Michele Buck : Yeah, I mean we are always looking at the returns that we’re getting on our spending, and making decisions as we go forward based on that. So we think that we’re in a reasonable zip code. I think we’ve said before that we don’t think we have to go back up to the very highest levels that we were at historically. We’ve done a great job over time, getting a lot of efficiency, getting very tight in our targeting, so that we’re getting even greater returns. But I wouldn’t also commit that this is the high mark, above which we’re not going to move above. We’re still probably not quite back to exactly the point we want to be.

Michael Lavery: Okay, that’s really helpful. And just want to unpack a little bit more if we can, a comment you made in the prepared remarks about seasons being a growth driver. You said it’s off to a great start. Obviously, last year went really well as well. And so just would love to understand a little bit better how that unfolds and how to be thinking about that.

Michele Buck : Yeah, we continue to anticipate very strong growth in the seasons. We’ve continued to see that in the category. Consumers, during the past several years, have even dialed up their interest in season. So it is a strong part of our portfolio. It’s a place where we do very well. It’s a place where there’s a lot of emotional connectivity. There’s an anchor event, people want to participate in those anchor events with the brands that they love. And so we think that there’s opportunity. We had some missed demand that we weren’t able to fully fulfill because of capacity. And we’re going to be in a much better position this year to be able to more fully capture that opportunity. And the first part of the year, as I mentioned earlier, from a share perspective, we won’t be as strong as we anticipate that we will be for the seasons towards the backward of the year.

Michael Lavery: Okay, great. Thanks so much.

Operator: Thank you. Our next question comes from line of Cody Ross with UBS. Please proceed with your question.

Cody Ross : Good morning. Thank you for taking questions. I just want to go back to the last question on volume and perhaps unpack cadence throughout the year. You have increased capacity for seasons coming on, but you’re also lapping the over shipment in the first half this year. Can you just unpack a little bit how you expect volume to progress throughout the year, understanding that you expect for the full year to be flat to slightly down? That’s my first question. Thank you.

Michele Buck : Steve, can you talk that through?

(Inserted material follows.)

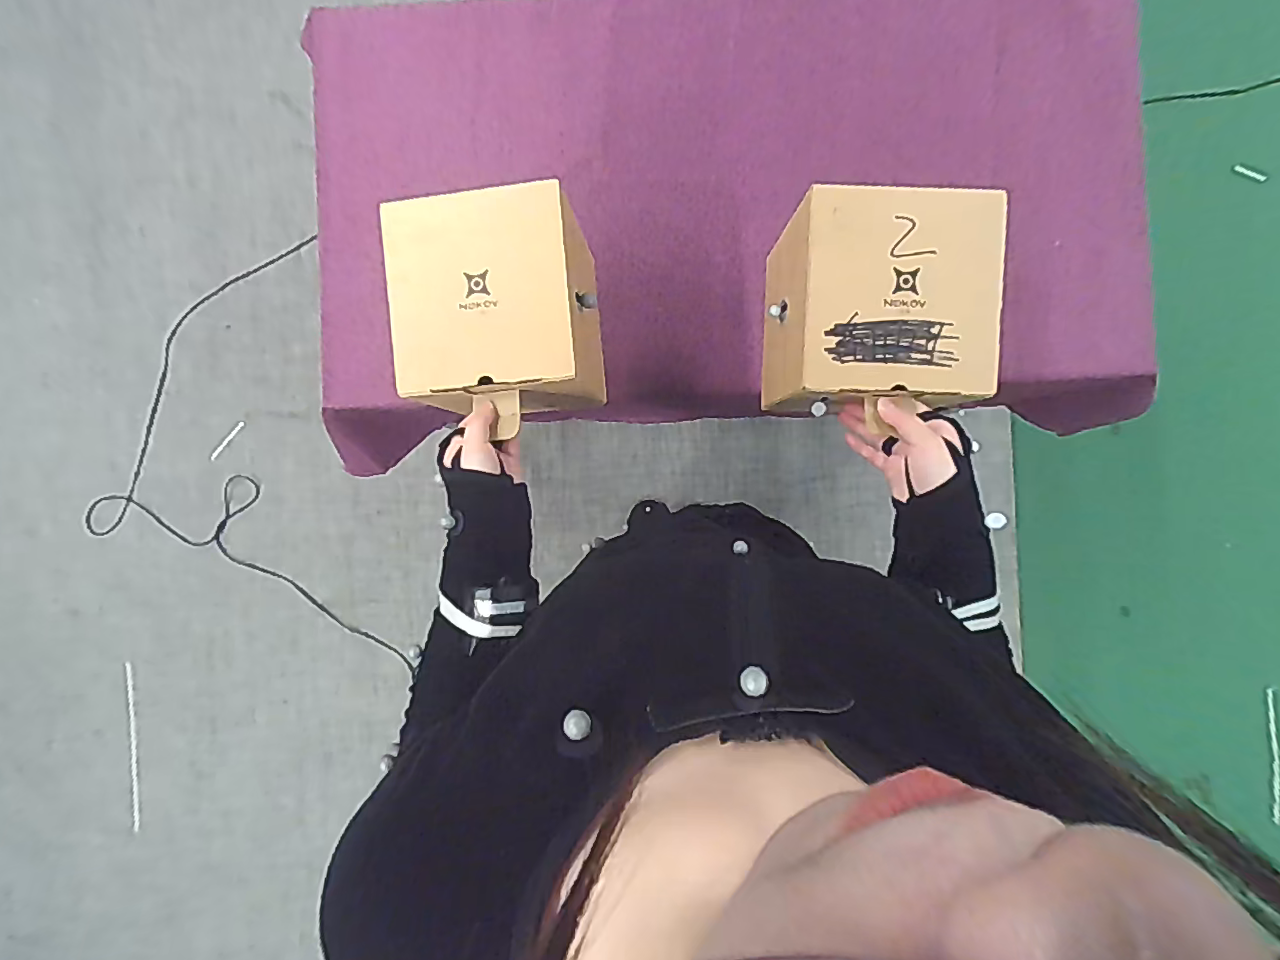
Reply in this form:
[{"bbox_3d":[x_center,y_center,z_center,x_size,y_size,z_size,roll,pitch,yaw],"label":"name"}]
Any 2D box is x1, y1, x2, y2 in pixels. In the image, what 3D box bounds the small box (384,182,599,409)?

Steve Voskuil : Yeah, going into the first part of the year, the seasons we’ve got already identified the volume and shipments there. So as Michele said, we still — we’re dealing with some capacity constraints leading into the seasons in the front part of the year. When you look at the year overall, we’re not expecting any big material differences by quarter for volume.

Cody Ross : Okay, that’s helpful. And then just one last question on capital allocation here. You’re at the low end of your leverage target over the long term. Are you beginning to look at making additional acquisitions or perhaps return more cash to shareholders in the upcoming years? Thank you.